Swift is notably less verbose, but mostly it's just as an ObjC dev you've developed years of experience and you know what that EXC_BAD_ACCESS probably means you forgot to do... with Swift you're a beginner again.


I don't think the primary complaint was about not being able to refactor, that's just how he opened. Most of the article is about just how ambiguous and deceiving the errors can be, and all rooting from a similar mistake too.


[deleted]


Swift has a REPL... have you used it a bunch and found it lacking? (serious question, as I have not used the REPL a lot)


[deleted]


RubyMotion


I honestly can't take your post seriously. I only read the first paragraph and saw complaints about something that is in BETA. It won't even be released until Oct. at the earliest.
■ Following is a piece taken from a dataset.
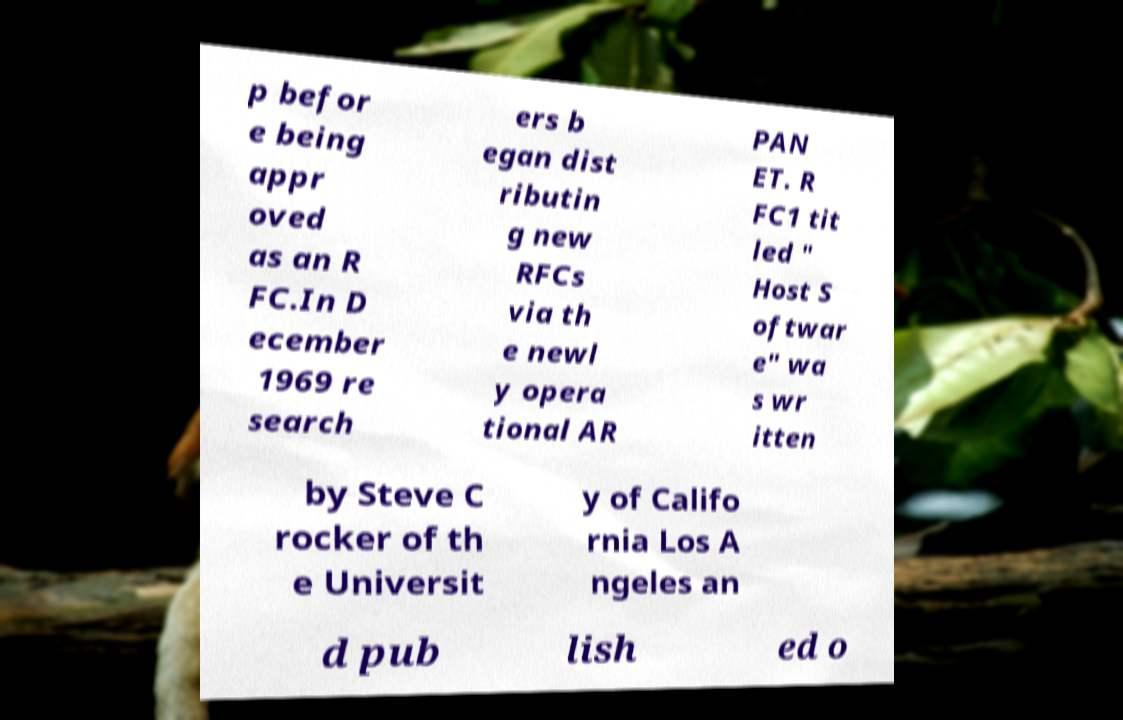Could you extract and type out the text from this image? p befor e being appr oved as an R FC.In D ecember 1969 re search ers b egan dist ributin g new RFCs via th e newl y opera tional AR PAN ET. R FC1 tit led " Host S oftwar e" wa s wr itten by Steve C rocker of th e Universit y of Califo rnia Los A ngeles an d pub lish ed o

Instead, you should have phrased your post much differently. Like, hey...I tried it out, and here are the things I noticed so far about Xcode 7 and swift 2.0. Instead you start off with your title calling a beta product, months from release, a joke.


New languages are no longer evaluated based on just the language, but by the ecosystem surrounding the language.


> Thanks to all the bugs in Xcode 7 beta and OS X 10.11 beta

You are using beta software. Come on. So stupid.


I've never had so many "!" and "?" in my code than with Swift. Like if you feel the same way!